A chip photograph of the Generic Address Generator can be seen in figure 4. It has been fabricated in a 1.0 Ám CMOS standard cell process at European Silicon Structures (ES2). The circuit contains 6821 standard cells, being equivalent to 126702 transistors, excluding the RAM. The macro-block in the upper left corner is the 256 word Address Instruction RAM. The die size is 8.3 by 7.4 mm2, including the pads. It is housed in a 101 pin PGA package and operates at 20 MHz. Spending additional efforts in the place and route process and inserting some more stages to the pipeline, higher operation frequencies will be possible.
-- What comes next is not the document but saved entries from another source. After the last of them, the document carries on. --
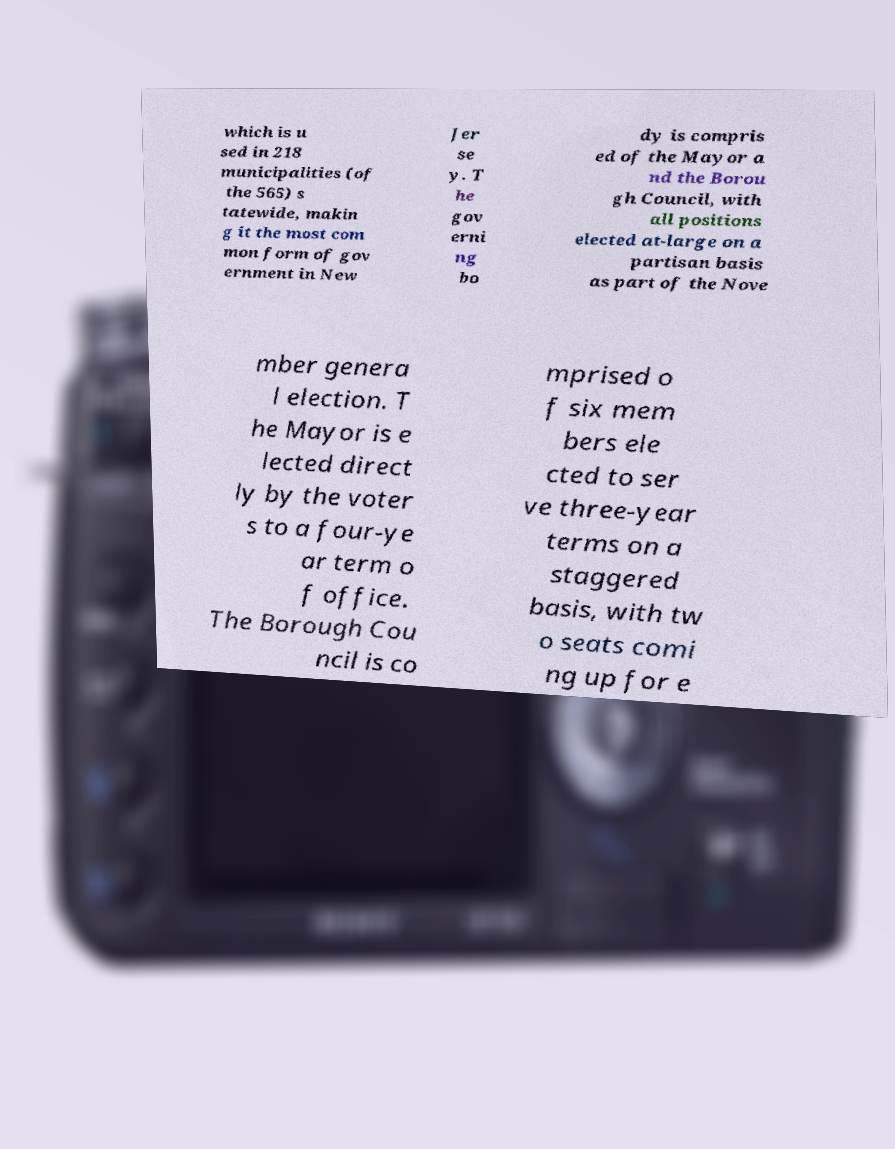Could you assist in decoding the text presented in this image and type it out clearly? which is u sed in 218 municipalities (of the 565) s tatewide, makin g it the most com mon form of gov ernment in New Jer se y. T he gov erni ng bo dy is compris ed of the Mayor a nd the Borou gh Council, with all positions elected at-large on a partisan basis as part of the Nove mber genera l election. T he Mayor is e lected direct ly by the voter s to a four-ye ar term o f office. The Borough Cou ncil is co mprised o f six mem bers ele cted to ser ve three-year terms on a staggered basis, with tw o seats comi ng up for e 
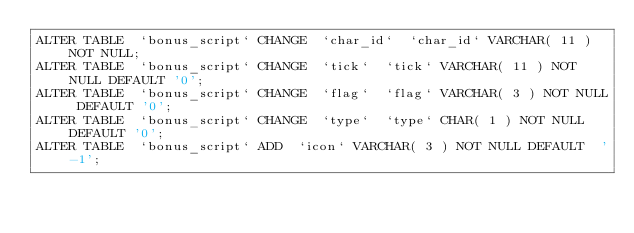<code> <loc_0><loc_0><loc_500><loc_500><_SQL_>ALTER TABLE  `bonus_script` CHANGE  `char_id`  `char_id` VARCHAR( 11 ) NOT NULL;
ALTER TABLE  `bonus_script` CHANGE  `tick`  `tick` VARCHAR( 11 ) NOT NULL DEFAULT '0';
ALTER TABLE  `bonus_script` CHANGE  `flag`  `flag` VARCHAR( 3 ) NOT NULL DEFAULT '0';
ALTER TABLE  `bonus_script` CHANGE  `type`  `type` CHAR( 1 ) NOT NULL DEFAULT '0';
ALTER TABLE  `bonus_script` ADD  `icon` VARCHAR( 3 ) NOT NULL DEFAULT  '-1';
</code> 
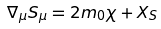Convert formula to latex. <formula><loc_0><loc_0><loc_500><loc_500>\nabla _ { \mu } S _ { \mu } = 2 m _ { 0 } \chi + X _ { S }</formula>

For all scan patterns, the stepwidths can be chosen arbitrarily in the range of 1 to 65536. They have been reduced to one for the more complex patterns only for compactness of the presentation. And since both dimensions are completely symmetric, all variations of the scan patterns, where x and y dimension are interchanged, are valid scan patterns as well. Even the interleaved video-scan in figure 5c, where the odd x positions are visited first and the even ones next before proceeding with the next line can be changed e.g. to a pattern, where first the odd and then the even lines are processed, like an interlaced video display does. The data dependent scan patterns in figure 5f and g can be handled with little overhead, because the data manipulating devices only have to signal the sign bits of the single step vectors, using the programmed stepwidths of the Generic Address Generator. This simplifies curve following and Lee routing applications as examples of algorithms requiring nearest neighbour data dependent processing. Furthermore, the arbitrary sequence of addresses programmable in the Memory Address Generator allows to produce any scan pattern made up of up to 250 references to addresses in a 64 by 64 words wide area. This includes all scan patterns required for the JPEG compression algorithm, which operates on blocks of 64 data words in an eight by eight array organization.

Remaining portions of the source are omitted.